“好了好了,你快问吧,还等着干活呢。”
男人明显露出不耐烦的表情,一手撑着铁皮门,另一只手在口袋中使劲翻找着什么。
“多谢了。”赵海胜连忙拿起笔准备记录“根据我们的调查,这辆面包车除了在三月二十六日早上出去过外,于这连续的两三天的中午、晚上也都出去过,而且都是第二天一早才回来,请问您知道都是去做什么了吗?”
“那天早上肯定是去买钢筋了,其它的我就不知道了——你还是问张超诚吧,这两天他开的比较频繁。
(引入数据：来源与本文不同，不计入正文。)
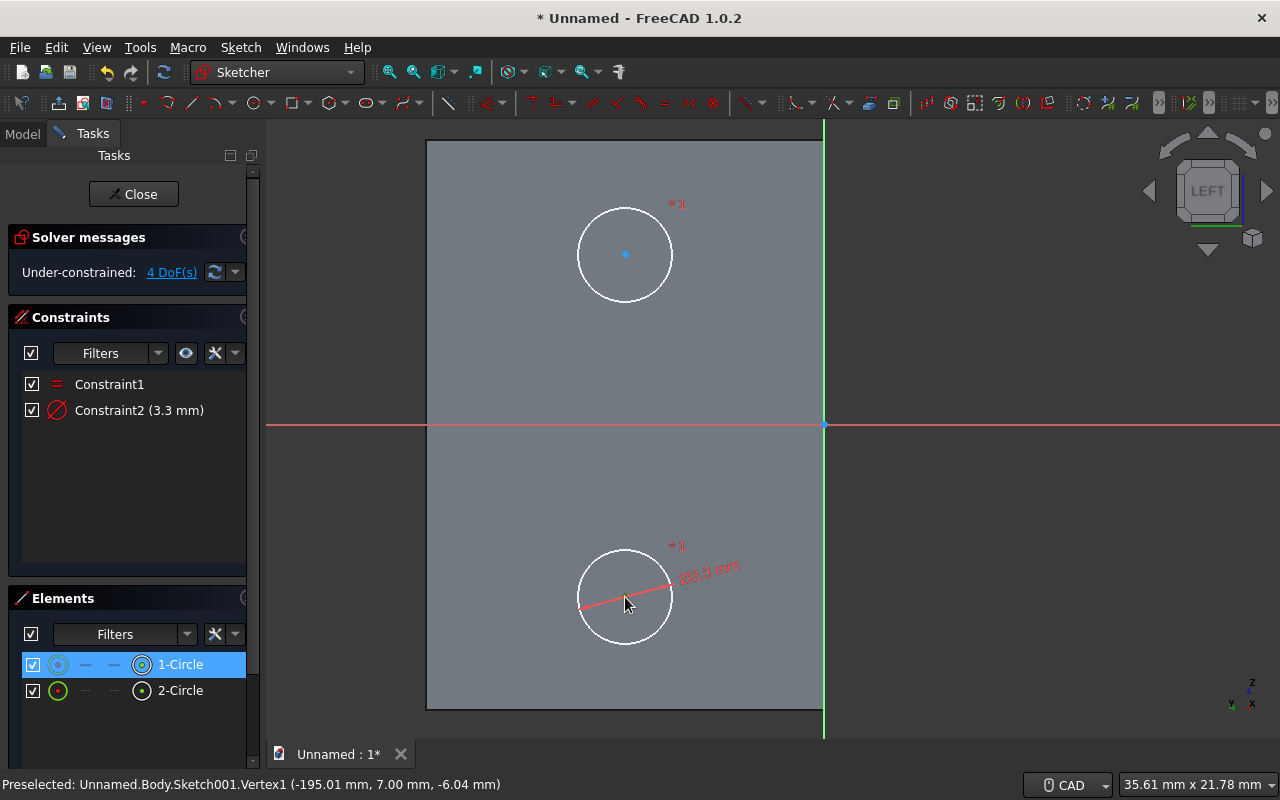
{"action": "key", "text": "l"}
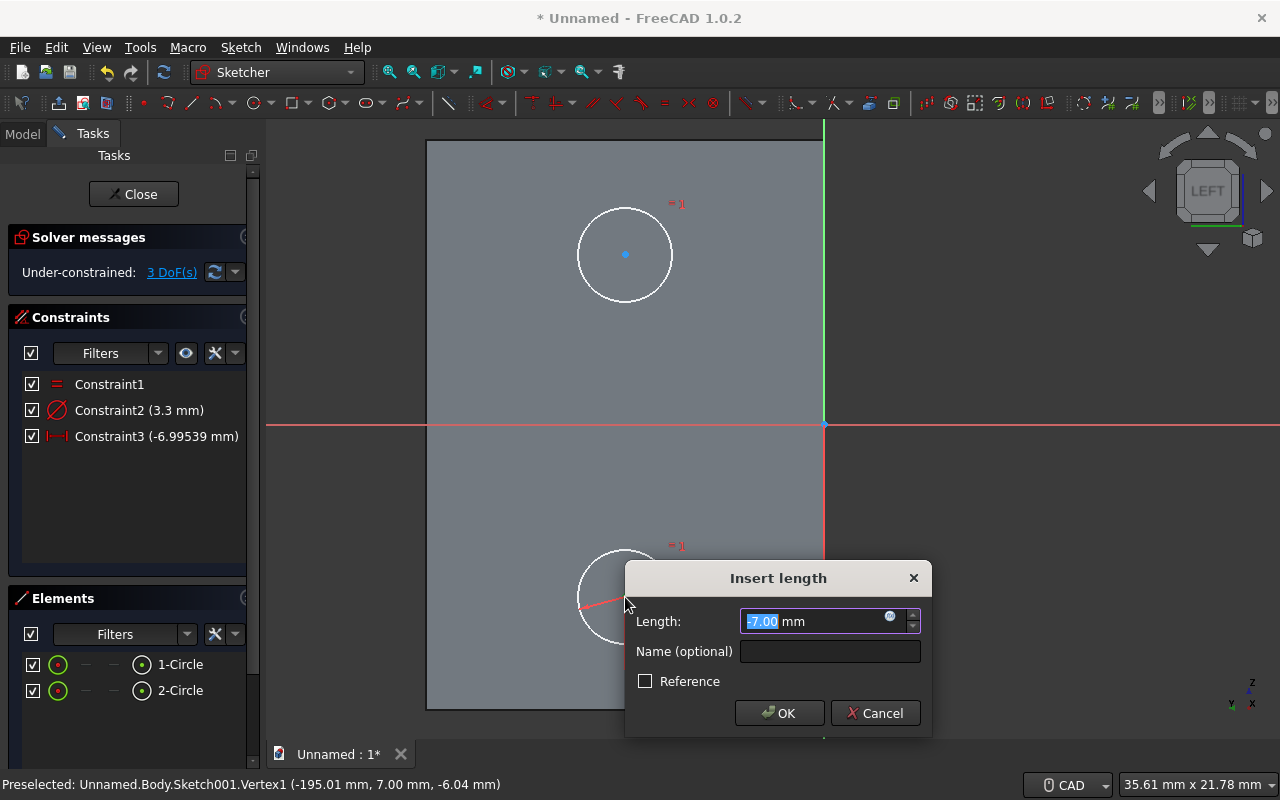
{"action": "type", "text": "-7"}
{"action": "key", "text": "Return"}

”
中年男人弯腰捡起地上未燃尽的半支烟,随便抹了抹,重又塞进嘴中,起身向门内走去。
“我去叫他。”
“那真是麻烦您了。”
赵海胜下意识的想要给他递一支烟,但手在插进口袋的一刻就停住了,他倒不是害怕工作时因给民众递烟而受人非议,而是刚刚中年男人的言行让他觉得自己这样做只会伤了他的自尊。
他思绪停留的一刻,这句“那真是麻烦您”便也脱口而出,也许是他也觉得问当事人更快捷吧,再或是别的,反正他并没有阻止这个中年男人的离开。
“张超诚,外面有人找。”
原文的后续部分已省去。